A closer look at the OpenBLAS code reveals a mix of C and low-level assembly. In fact, OpenBLAS, GotoBLAS, and BLIS are written in C/FORTRAN/Assembly and contain matmul implementations manually optimized for different CPU microarchitectures. My goal was to implement the matrix multiplication in pure C (without low-level assembly code) so that it works for any matrix size, runs on all modern x86-64 processors, and competes with existing BLAS libraries. At the sime time I wanted to keep the code simple and easy to extend. After some research, I found a few great step-by-step tutorials on implementing fast matrix multiplication from scratch, covering both theory and practice:

  1. Fast Multidimensional Matrix Multiplication on CPU from Scratch by Simon Boehm.
  2. Matrix Multiplication by Sergey Slotin.
  3. Geohot’s stream Can you multiply a matrix?

I highly recommend these clear and well-explained tutorials with alternative implementations. They helped me better understand the topic and, in some sense, motivated me to write my own implementation. The reason is that all three solutions above work only for specific matrix sizes and do not achieve performance of the BLAS libraries. Unsatisfied with these results, I kept researching and came across two fascinating papers: “Anatomy of High-Performance Matrix Multiplication” and “Anatomy of High-Performance Many-Threaded Matrix Multiplication”. The first introduces GotoBLAS, a high-performance BLAS implementation by Kazushige Goto. The second reviews the matmul design used in the BLIS library (an extended version of GotoBLAS) and explores different parallelization strategies. Due to its superior high-level design, I had a feeling that the matmul implementation from the BLIS library can outperform existing BLAS implementations even if written in pure C and not manually finetuned using inline assembly. In the next chapters we’ll step-by-step implement the algorithm from scratch and compare against OpenBLAS. Before diving into optimizations, let’s first go over how to install OpenBLAS and properly benchmark the code on a CPU.

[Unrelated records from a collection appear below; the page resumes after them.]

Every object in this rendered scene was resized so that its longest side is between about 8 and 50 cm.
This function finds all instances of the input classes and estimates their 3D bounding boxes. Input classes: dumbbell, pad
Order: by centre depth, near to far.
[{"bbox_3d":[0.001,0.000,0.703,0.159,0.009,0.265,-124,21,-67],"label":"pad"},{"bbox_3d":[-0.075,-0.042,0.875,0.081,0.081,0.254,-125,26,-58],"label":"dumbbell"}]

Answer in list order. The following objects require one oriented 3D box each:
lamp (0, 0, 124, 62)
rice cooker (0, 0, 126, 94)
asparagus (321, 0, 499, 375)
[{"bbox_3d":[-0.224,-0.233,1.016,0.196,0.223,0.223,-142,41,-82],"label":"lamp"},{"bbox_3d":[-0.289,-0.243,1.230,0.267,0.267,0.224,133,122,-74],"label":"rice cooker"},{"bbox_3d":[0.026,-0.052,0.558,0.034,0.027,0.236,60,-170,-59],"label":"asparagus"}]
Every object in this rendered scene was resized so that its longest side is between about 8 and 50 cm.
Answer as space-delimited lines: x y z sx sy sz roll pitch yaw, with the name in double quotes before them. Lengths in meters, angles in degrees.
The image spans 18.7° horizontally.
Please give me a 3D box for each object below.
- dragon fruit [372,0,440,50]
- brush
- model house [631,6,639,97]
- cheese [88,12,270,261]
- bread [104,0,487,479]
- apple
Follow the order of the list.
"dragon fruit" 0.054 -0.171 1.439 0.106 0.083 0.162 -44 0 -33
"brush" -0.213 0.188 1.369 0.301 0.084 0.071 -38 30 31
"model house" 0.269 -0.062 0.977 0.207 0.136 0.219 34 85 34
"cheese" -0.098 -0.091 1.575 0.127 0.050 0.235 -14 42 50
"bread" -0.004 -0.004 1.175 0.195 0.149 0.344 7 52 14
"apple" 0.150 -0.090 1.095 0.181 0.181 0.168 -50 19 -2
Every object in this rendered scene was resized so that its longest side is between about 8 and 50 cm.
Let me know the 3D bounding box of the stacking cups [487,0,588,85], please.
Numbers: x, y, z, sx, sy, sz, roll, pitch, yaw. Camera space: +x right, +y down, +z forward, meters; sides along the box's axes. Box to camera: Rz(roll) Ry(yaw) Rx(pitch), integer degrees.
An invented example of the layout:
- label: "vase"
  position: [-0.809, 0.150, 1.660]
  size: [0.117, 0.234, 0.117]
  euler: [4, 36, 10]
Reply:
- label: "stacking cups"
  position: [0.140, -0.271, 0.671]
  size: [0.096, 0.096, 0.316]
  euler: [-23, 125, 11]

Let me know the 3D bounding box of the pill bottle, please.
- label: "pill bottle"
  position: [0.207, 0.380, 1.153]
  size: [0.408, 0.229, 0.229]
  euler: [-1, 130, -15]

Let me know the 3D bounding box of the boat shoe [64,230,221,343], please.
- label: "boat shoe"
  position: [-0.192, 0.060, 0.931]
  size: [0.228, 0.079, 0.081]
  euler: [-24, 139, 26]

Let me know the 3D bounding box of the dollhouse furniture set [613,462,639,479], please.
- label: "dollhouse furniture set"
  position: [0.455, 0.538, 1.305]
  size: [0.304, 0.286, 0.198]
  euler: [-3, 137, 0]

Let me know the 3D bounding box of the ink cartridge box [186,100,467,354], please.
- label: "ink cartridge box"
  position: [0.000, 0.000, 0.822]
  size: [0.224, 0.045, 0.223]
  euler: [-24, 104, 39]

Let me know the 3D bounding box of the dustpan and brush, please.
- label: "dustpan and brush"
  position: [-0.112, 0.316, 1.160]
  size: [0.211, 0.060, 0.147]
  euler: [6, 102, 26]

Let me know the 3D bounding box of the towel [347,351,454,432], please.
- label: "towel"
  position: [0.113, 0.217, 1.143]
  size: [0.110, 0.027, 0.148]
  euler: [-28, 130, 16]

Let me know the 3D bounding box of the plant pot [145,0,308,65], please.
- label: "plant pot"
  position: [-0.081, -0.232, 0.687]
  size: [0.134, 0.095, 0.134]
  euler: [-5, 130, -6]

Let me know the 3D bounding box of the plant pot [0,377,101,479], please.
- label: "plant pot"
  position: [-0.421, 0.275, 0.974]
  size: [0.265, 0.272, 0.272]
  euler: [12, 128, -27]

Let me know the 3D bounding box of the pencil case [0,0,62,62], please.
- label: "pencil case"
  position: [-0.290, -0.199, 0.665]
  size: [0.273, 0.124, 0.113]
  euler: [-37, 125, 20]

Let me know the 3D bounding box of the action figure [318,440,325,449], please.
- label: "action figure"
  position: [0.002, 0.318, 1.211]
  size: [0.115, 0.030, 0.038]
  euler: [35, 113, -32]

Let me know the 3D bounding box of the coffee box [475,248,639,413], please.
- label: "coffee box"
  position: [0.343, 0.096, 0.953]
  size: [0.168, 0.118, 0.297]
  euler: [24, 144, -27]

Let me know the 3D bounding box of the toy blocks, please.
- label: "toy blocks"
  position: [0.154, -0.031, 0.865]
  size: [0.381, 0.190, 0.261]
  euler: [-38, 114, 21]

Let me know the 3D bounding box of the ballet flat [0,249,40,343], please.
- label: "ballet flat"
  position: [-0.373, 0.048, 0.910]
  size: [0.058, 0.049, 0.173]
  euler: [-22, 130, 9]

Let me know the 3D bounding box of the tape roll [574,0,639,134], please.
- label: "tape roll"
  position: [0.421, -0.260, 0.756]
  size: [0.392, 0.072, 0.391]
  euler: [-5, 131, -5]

2. How to Install and Benchmark OpenBLAS

I benchmarked the code on the following machine:

  • CPU: AMD Ryzen 7 9700X
  • RAM: 32GB DDR5 6000 MHz CL36
  • OpenBLAS 0.3.26
  • Compiler: GCC 13.3
  • Compiler flags: -O3 -march=native -mno-avx512f -fopenmp
  • OS: Ubuntu 24.04.1 LTS

Important! To obtain reproducible and accurate results, minimize the number of active tasks, particularly when benchmarking multi-threaded code. Windows systems generally deliver lower performance compared to Linux due to higher number of active background tasks.

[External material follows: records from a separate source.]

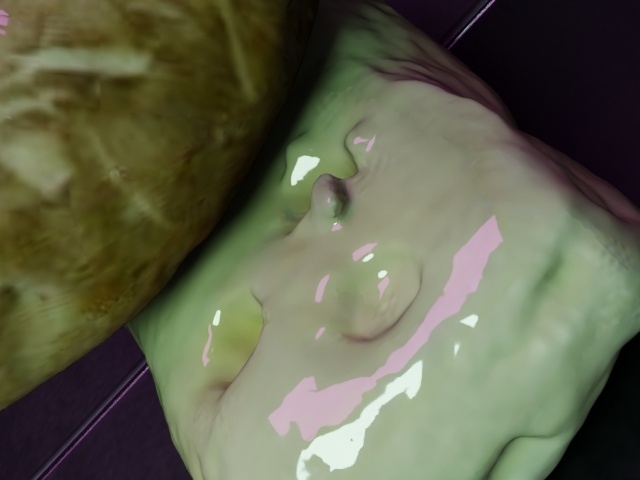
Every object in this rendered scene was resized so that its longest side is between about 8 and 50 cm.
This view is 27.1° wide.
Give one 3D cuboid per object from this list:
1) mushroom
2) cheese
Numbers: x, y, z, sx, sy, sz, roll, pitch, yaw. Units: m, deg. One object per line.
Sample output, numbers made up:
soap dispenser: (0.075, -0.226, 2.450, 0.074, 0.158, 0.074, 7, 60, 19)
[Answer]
mushroom: (-0.076, -0.063, 0.429, 0.151, 0.156, 0.286, 2, 60, 23)
cheese: (-0.001, -0.001, 0.456, 0.159, 0.093, 0.263, -49, 33, 6)
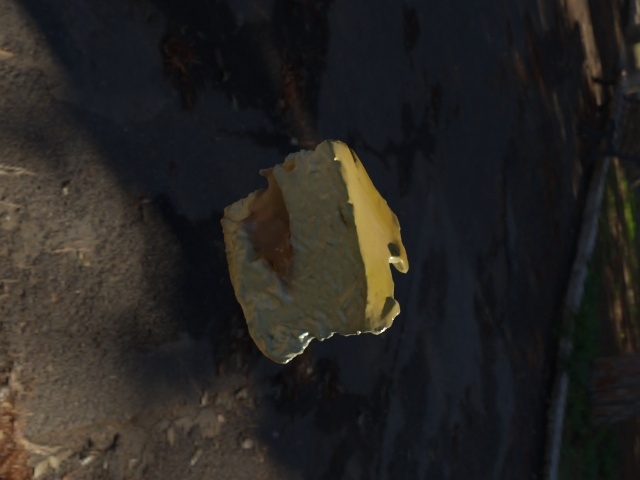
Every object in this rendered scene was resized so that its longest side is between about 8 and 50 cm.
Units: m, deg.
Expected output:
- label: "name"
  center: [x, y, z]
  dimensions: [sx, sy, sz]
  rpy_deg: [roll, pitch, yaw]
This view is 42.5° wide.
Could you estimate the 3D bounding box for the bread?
- label: "bread"
  center: [0.005, 0.010, 1.004]
  dimensions: [0.211, 0.184, 0.223]
  rpy_deg: [-11, 82, -70]
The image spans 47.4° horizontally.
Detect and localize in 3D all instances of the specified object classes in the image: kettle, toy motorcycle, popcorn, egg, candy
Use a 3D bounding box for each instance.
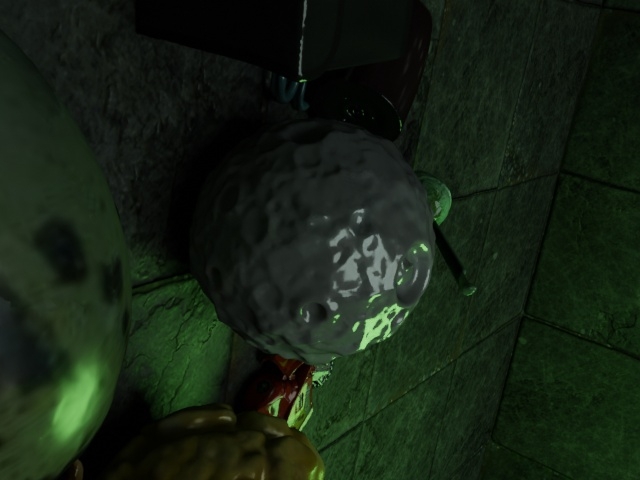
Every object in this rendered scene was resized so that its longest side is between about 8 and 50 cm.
[{"bbox_3d":[0.081,-0.292,1.124,0.202,0.144,0.232,49,53,-39],"label":"kettle"},{"bbox_3d":[-0.080,0.286,1.243,0.298,0.089,0.171,-55,145,-21],"label":"toy motorcycle"},{"bbox_3d":[-0.164,0.408,0.981,0.390,0.354,0.344,-4,154,-22],"label":"popcorn"},{"bbox_3d":[-0.311,0.018,0.495,0.345,0.345,0.428,-36,128,-42],"label":"egg"},{"bbox_3d":[0.201,-0.013,1.279,0.440,0.119,0.119,-97,-170,-65],"label":"candy"}]

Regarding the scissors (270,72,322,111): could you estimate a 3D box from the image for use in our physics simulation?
[{"bbox_3d":[-0.003,-0.331,1.050,0.138,0.041,0.289,-1,109,-65],"label":"scissors"}]

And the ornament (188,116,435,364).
[{"bbox_3d":[0.000,0.000,0.992,0.337,0.337,0.337,-33,134,-44],"label":"ornament"}]

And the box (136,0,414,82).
[{"bbox_3d":[-0.042,-0.373,0.771,0.204,0.251,0.345,-25,129,-49],"label":"box"}]

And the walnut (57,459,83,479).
[{"bbox_3d":[-0.366,0.316,0.824,0.167,0.087,0.211,18,95,-65],"label":"walnut"}]

To benchmark OpenBLAS, start by installing it according to the installation guide. During installation, make sure to set an appropriate TARGET and disable AVX512 instructions for a fair comparison. For Zen4/5 processors compile OpenBLAS with:

make TARGET=ZEN

Otherwise, OpenBLAS defaults to AVX512 instructions. After installation, you can run FP32 matmul using the OpenBLAS API:

#include <cblas.h>
cblas_sgemm(CblasColMajor, CblasNoTrans, CblasNoTrans, m, n, k, 1, A, m, B, k, 0, C, m);

The benchmark evaluates the custom implementation and the OpenBLAS API on square matrices, ranging from m=n=k=200 to m=n=k=10000 in steps of 200. To obtain consistent and accurate results, matrix multiplication is repeated n_iter times, and performance is measured as median execution time.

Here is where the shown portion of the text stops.